L’Italia chiede «il pieno e incondizionato accesso agli operatori umanitari, che potranno rafforzare l’attività di assistenza umanitaria a favore dei migranti e delle comunità ospitanti». E chiede anche la «progressiva», e anche qui non “immediata”, «chiusura dei centri non ufficiali in cui sono trattenuti i migranti irregolari». Campi di prigionia, beninteso, gestiti direttamente dalle milizie e dai trafficanti di uomini e di cui non si conosce la dislocazione esatta, che evidentemente Roma ritiene sia invece nota alle autorità di Tripoli. E probabilmente alludendo a figure come il comandante al-MIlad, nome di guerra “Bija”, che viene anche chiesta “l’esclusione dai centri del personale che non abbia adeguate credenziali in materia di diritti umani”. Certo, occorre essere «consapevoli della sensibilità dell’attuale fase in Libia e della necessità di continuare a sostenere gli sforzi miranti alla pace e alla riconciliazione nazionale, in vista di una stabilizzazione che permetta l’edificazione di uno Stato pienamente democratico», si legge ancora.
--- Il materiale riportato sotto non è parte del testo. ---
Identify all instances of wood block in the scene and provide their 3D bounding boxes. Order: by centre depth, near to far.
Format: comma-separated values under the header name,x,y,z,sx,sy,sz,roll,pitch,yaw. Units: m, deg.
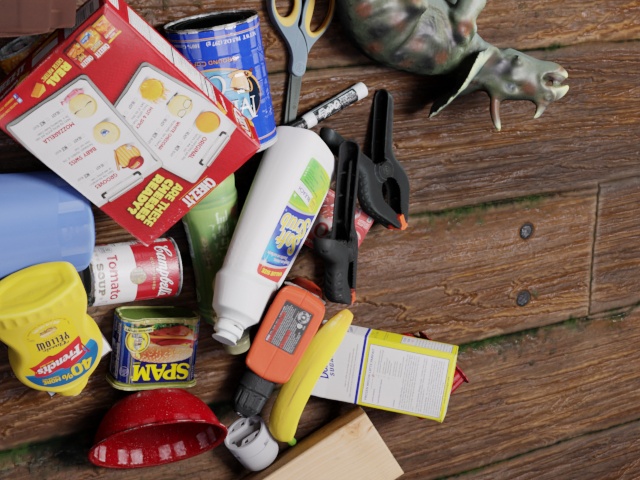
name,x,y,z,sx,sy,sz,roll,pitch,yaw
wood block,-0.012,0.300,1.324,0.206,0.090,0.091,-33,91,-4

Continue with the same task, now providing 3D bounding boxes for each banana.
name,x,y,z,sx,sy,sz,roll,pitch,yaw
banana,-0.020,0.171,1.300,0.198,0.037,0.069,-65,164,16

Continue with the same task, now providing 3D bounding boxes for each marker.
name,x,y,z,sx,sy,sz,roll,pitch,yaw
marker,0.005,-0.152,1.259,0.121,0.020,0.020,-33,119,-24

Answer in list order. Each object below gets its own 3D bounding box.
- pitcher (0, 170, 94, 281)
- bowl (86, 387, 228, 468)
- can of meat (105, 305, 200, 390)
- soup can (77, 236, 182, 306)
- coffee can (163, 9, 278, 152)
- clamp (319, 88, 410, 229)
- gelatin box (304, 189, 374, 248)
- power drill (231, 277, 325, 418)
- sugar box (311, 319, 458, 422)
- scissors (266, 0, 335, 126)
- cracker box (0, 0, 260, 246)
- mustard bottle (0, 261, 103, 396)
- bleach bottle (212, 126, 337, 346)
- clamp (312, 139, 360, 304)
name,x,y,z,sx,sy,sz,roll,pitch,yaw
pitcher,-0.355,0.007,1.063,0.242,0.145,0.149,-10,150,-29
bowl,-0.190,0.211,1.227,0.161,0.162,0.055,1,61,-29
can of meat,-0.191,0.122,1.227,0.101,0.058,0.084,1,103,-28
soup can,-0.212,0.034,1.181,0.102,0.069,0.068,-6,108,-26
coffee can,-0.106,-0.169,1.153,0.102,0.103,0.140,-18,113,-23
clamp,0.072,-0.096,1.298,0.120,0.039,0.171,-42,121,-24
gelatin box,0.014,-0.018,1.309,0.089,0.030,0.073,30,90,-32
power drill,-0.052,0.123,1.231,0.057,0.188,0.184,26,83,-2
sugar box,0.077,0.162,1.336,0.176,0.048,0.093,12,103,11
scissors,-0.040,-0.213,1.225,0.096,0.016,0.202,18,96,-35
cracker box,-0.192,-0.120,1.054,0.164,0.072,0.213,-39,122,15
mustard bottle,-0.275,0.105,1.099,0.096,0.058,0.192,-24,145,-15
bleach bottle,-0.058,0.001,1.191,0.250,0.068,0.102,-69,151,-20
clamp,0.021,0.012,1.230,0.036,0.164,0.210,8,133,11
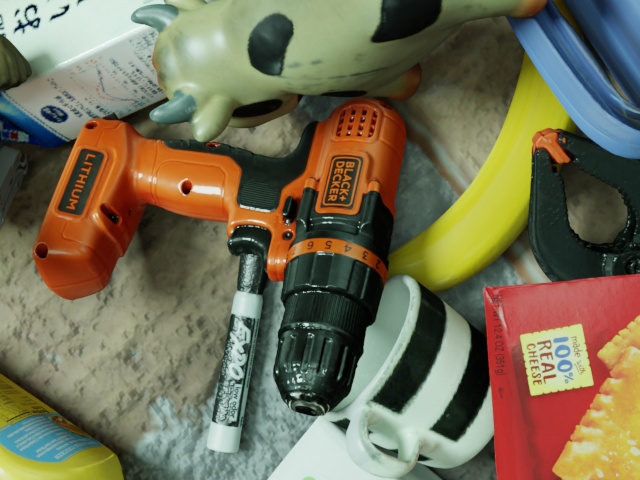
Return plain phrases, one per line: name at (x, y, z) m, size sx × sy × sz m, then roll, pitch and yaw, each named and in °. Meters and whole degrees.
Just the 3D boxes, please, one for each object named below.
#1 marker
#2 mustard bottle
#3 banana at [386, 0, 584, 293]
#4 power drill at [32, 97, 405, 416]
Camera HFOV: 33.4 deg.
marker at (-0.047, 0.062, 0.621) m, size 0.020 × 0.020 × 0.121 m, roll 10°, pitch 90°, yaw 14°
mustard bottle at (-0.174, 0.122, 0.610) m, size 0.192 × 0.096 × 0.058 m, roll 30°, pitch 94°, yaw 13°
banana at (0.092, -0.039, 0.581) m, size 0.070 × 0.037 × 0.198 m, roll 39°, pitch 97°, yaw 10°
power drill at (-0.054, 0.001, 0.574) m, size 0.188 × 0.057 × 0.184 m, roll 5°, pitch 56°, yaw 14°

E per rassicurare il governo riconosciuto del premier al-Sarraj viene ribadito che non sarà messo in discussione il Trattato di amicizia firmato da Berlusconi e Gheddafi a Bengasi il 30 agosto 2008, nonché la Dichiarazione di Tripoli del 21 gennaio 2012 (governo Monti).

Su un punto Roma sembra insistere: «Rispetto dei trattati e delle norme internazionali consuetudinarie di diritto umanitario e sui diritti umani, inclusi i principi e gli scopi della Convenzione di Ginevra del 1951 sullo statuto dei rifugiati». La Libia, però, non ha mai firmato la Convenzione sui Diritti dell’Uomo. Ma l’Italia si impegna a «elaborare, con il supporto della Parte italiana e attraverso l’assistenza tecnica e il sostegno delle Nazioni Unite e della comunità internazionale, una normativa nazionale settoriale che garantisca il rispetto dei diritti di migranti e rifugiati».
Nessuno di questi propositi ha trovato un compimento negli anni precedenti, quando la situazione libica appariva relativamente meno conflittuale ed è davvero difficile immaginare che possa accadere adesso, quando perfino la tregua raggiunta tra i negoziatori del premier al-Sarraj e del generale Haftar, viene regolarmente violata.

Su altri punti, però, si concentrerà l’attenzione dei libici. L’Italia si impegna a sostenere finanziariamente, con corsi di formazione e con equipaggiamento la «guardia costiera del Ministero della Difesa», definizione che di fatto esclude le altre “polizie marittime”, pur lasciando aperta la porta al supporto degli «organi e dipartimenti competenti del Ministero dell’Interno», che a sua volta guida una propria milizia navale che nei giorni scorsi aveva ospitato un vertice con un rappresentante del nostro governo.
«La Parte italiana si impegna a fornire supporto tecnico e tecnologico agli organismi libici incaricati della prevenzione e del contrasto all’immigrazione irregolare e delle attività di ricerca e soccorso in mare e nel deserto», si legge ancora. In questo contesto «le Parti si impegnano a sostenere le misure adottate dall’Unhcr-Acnur e dall’Oim (le agenzie umanitarie dell’Onu sul campo, ndr) nel quadro del piano d’azione per l’assistenza ai migranti in Libia e la Parte libica assumerà ogni utile iniziativa per facilitarne l’attuazione». Di tutto questo, però, le agenzie Onu non sono state messe al corrente né hanno potuto offrire osservazioni e suggerimenti.